── Data section

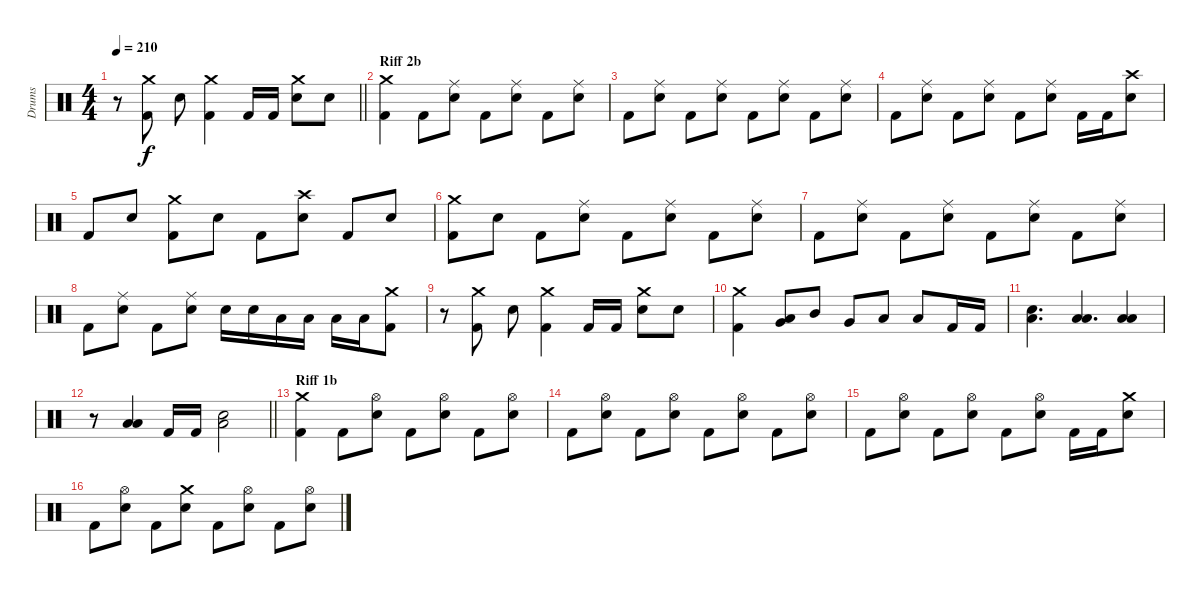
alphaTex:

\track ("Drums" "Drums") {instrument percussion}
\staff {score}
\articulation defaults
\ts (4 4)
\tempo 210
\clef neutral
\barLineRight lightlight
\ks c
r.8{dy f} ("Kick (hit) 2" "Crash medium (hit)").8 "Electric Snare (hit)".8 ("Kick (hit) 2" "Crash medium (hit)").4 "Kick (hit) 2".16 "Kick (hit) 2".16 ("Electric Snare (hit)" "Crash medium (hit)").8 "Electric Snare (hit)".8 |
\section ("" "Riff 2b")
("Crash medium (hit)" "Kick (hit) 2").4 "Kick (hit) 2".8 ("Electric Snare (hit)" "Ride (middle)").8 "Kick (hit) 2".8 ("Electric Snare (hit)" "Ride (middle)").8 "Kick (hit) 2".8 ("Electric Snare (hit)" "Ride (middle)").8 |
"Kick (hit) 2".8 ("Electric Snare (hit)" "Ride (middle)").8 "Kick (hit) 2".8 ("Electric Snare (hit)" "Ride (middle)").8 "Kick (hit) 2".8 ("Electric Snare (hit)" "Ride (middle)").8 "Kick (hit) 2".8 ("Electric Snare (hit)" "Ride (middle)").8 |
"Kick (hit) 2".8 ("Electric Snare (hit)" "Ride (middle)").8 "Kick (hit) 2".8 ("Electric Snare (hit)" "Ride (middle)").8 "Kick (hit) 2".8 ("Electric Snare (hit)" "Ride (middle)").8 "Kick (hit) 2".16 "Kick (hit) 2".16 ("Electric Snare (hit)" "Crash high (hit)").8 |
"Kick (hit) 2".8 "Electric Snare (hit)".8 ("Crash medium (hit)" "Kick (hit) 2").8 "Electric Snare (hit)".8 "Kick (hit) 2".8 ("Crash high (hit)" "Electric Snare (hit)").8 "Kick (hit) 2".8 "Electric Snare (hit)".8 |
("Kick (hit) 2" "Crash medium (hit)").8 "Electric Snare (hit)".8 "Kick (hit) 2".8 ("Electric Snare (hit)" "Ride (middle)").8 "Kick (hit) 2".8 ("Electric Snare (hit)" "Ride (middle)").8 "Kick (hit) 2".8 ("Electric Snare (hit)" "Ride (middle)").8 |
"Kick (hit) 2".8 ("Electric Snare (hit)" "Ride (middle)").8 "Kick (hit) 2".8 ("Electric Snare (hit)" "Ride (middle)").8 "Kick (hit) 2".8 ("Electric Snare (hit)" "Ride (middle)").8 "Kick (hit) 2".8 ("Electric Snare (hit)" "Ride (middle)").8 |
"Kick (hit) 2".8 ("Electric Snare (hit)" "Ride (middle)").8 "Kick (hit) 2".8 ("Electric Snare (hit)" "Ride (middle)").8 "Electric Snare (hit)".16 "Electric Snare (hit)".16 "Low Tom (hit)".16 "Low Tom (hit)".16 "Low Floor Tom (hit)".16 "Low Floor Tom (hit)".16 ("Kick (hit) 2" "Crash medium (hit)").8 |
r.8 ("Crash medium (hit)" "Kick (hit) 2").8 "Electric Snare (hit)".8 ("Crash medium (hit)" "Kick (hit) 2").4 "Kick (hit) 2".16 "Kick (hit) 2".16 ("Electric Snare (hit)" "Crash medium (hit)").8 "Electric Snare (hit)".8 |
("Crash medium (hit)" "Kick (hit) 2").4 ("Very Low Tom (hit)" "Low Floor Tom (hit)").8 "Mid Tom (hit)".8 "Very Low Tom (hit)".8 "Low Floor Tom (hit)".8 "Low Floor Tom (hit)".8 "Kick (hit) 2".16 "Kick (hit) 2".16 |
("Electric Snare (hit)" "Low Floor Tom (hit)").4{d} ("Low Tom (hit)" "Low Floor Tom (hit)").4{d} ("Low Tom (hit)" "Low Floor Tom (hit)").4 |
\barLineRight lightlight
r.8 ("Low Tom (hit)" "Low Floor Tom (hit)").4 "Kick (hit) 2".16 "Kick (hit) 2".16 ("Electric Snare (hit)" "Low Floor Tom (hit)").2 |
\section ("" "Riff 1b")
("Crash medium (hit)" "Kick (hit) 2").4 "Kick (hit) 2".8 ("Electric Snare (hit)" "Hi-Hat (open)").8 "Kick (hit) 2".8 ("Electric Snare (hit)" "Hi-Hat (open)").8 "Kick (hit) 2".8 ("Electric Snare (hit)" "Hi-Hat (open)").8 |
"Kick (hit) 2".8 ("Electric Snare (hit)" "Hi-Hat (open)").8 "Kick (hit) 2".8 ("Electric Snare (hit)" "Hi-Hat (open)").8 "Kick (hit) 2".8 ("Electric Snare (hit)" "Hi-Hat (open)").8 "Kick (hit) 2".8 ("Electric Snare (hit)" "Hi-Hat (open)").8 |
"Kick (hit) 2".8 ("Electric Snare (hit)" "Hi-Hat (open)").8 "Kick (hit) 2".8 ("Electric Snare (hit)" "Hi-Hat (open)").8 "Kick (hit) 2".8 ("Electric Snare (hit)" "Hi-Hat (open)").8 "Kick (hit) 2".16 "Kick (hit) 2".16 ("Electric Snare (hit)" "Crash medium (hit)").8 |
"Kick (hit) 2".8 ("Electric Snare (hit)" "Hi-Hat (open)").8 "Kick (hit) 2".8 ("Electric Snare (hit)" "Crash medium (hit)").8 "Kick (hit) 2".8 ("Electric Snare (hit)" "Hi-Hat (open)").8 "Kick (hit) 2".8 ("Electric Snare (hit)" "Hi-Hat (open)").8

────

▶ _Task to carry out_: Pictures must not appear in the copy, and every record must be restated word for word.

▶ _Finished exercise_:
alphaTex:

\track ("Drums" "Drums") {instrument percussion}
\staff {score}
\articulation defaults
\ts (4 4)
\tempo 210
\clef neutral
\barLineRight lightlight
\ks c
r.8{dy f} ("Kick (hit) 2" "Crash medium (hit)").8 "Electric Snare (hit)".8 ("Kick (hit) 2" "Crash medium (hit)").4 "Kick (hit) 2".16 "Kick (hit) 2".16 ("Electric Snare (hit)" "Crash medium (hit)").8 "Electric Snare (hit)".8 |
\section ("" "Riff 2b")
("Crash medium (hit)" "Kick (hit) 2").4 "Kick (hit) 2".8 ("Electric Snare (hit)" "Ride (middle)").8 "Kick (hit) 2".8 ("Electric Snare (hit)" "Ride (middle)").8 "Kick (hit) 2".8 ("Electric Snare (hit)" "Ride (middle)").8 |
"Kick (hit) 2".8 ("Electric Snare (hit)" "Ride (middle)").8 "Kick (hit) 2".8 ("Electric Snare (hit)" "Ride (middle)").8 "Kick (hit) 2".8 ("Electric Snare (hit)" "Ride (middle)").8 "Kick (hit) 2".8 ("Electric Snare (hit)" "Ride (middle)").8 |
"Kick (hit) 2".8 ("Electric Snare (hit)" "Ride (middle)").8 "Kick (hit) 2".8 ("Electric Snare (hit)" "Ride (middle)").8 "Kick (hit) 2".8 ("Electric Snare (hit)" "Ride (middle)").8 "Kick (hit) 2".16 "Kick (hit) 2".16 ("Electric Snare (hit)" "Crash high (hit)").8 |
"Kick (hit) 2".8 "Electric Snare (hit)".8 ("Crash medium (hit)" "Kick (hit) 2").8 "Electric Snare (hit)".8 "Kick (hit) 2".8 ("Crash high (hit)" "Electric Snare (hit)").8 "Kick (hit) 2".8 "Electric Snare (hit)".8 |
("Kick (hit) 2" "Crash medium (hit)").8 "Electric Snare (hit)".8 "Kick (hit) 2".8 ("Electric Snare (hit)" "Ride (middle)").8 "Kick (hit) 2".8 ("Electric Snare (hit)" "Ride (middle)").8 "Kick (hit) 2".8 ("Electric Snare (hit)" "Ride (middle)").8 |
"Kick (hit) 2".8 ("Electric Snare (hit)" "Ride (middle)").8 "Kick (hit) 2".8 ("Electric Snare (hit)" "Ride (middle)").8 "Kick (hit) 2".8 ("Electric Snare (hit)" "Ride (middle)").8 "Kick (hit) 2".8 ("Electric Snare (hit)" "Ride (middle)").8 |
"Kick (hit) 2".8 ("Electric Snare (hit)" "Ride (middle)").8 "Kick (hit) 2".8 ("Electric Snare (hit)" "Ride (middle)").8 "Electric Snare (hit)".16 "Electric Snare (hit)".16 "Low Tom (hit)".16 "Low Tom (hit)".16 "Low Floor Tom (hit)".16 "Low Floor Tom (hit)".16 ("Kick (hit) 2" "Crash medium (hit)").8 |
r.8 ("Crash medium (hit)" "Kick (hit) 2").8 "Electric Snare (hit)".8 ("Crash medium (hit)" "Kick (hit) 2").4 "Kick (hit) 2".16 "Kick (hit) 2".16 ("Electric Snare (hit)" "Crash medium (hit)").8 "Electric Snare (hit)".8 |
("Crash medium (hit)" "Kick (hit) 2").4 ("Very Low Tom (hit)" "Low Floor Tom (hit)").8 "Mid Tom (hit)".8 "Very Low Tom (hit)".8 "Low Floor Tom (hit)".8 "Low Floor Tom (hit)".8 "Kick (hit) 2".16 "Kick (hit) 2".16 |
("Electric Snare (hit)" "Low Floor Tom (hit)").4{d} ("Low Tom (hit)" "Low Floor Tom (hit)").4{d} ("Low Tom (hit)" "Low Floor Tom (hit)").4 |
\barLineRight lightlight
r.8 ("Low Tom (hit)" "Low Floor Tom (hit)").4 "Kick (hit) 2".16 "Kick (hit) 2".16 ("Electric Snare (hit)" "Low Floor Tom (hit)").2 |
\section ("" "Riff 1b")
("Crash medium (hit)" "Kick (hit) 2").4 "Kick (hit) 2".8 ("Electric Snare (hit)" "Hi-Hat (open)").8 "Kick (hit) 2".8 ("Electric Snare (hit)" "Hi-Hat (open)").8 "Kick (hit) 2".8 ("Electric Snare (hit)" "Hi-Hat (open)").8 |
"Kick (hit) 2".8 ("Electric Snare (hit)" "Hi-Hat (open)").8 "Kick (hit) 2".8 ("Electric Snare (hit)" "Hi-Hat (open)").8 "Kick (hit) 2".8 ("Electric Snare (hit)" "Hi-Hat (open)").8 "Kick (hit) 2".8 ("Electric Snare (hit)" "Hi-Hat (open)").8 |
"Kick (hit) 2".8 ("Electric Snare (hit)" "Hi-Hat (open)").8 "Kick (hit) 2".8 ("Electric Snare (hit)" "Hi-Hat (open)").8 "Kick (hit) 2".8 ("Electric Snare (hit)" "Hi-Hat (open)").8 "Kick (hit) 2".16 "Kick (hit) 2".16 ("Electric Snare (hit)" "Crash medium (hit)").8 |
"Kick (hit) 2".8 ("Electric Snare (hit)" "Hi-Hat (open)").8 "Kick (hit) 2".8 ("Electric Snare (hit)" "Crash medium (hit)").8 "Kick (hit) 2".8 ("Electric Snare (hit)" "Hi-Hat (open)").8 "Kick (hit) 2".8 ("Electric Snare (hit)" "Hi-Hat (open)").8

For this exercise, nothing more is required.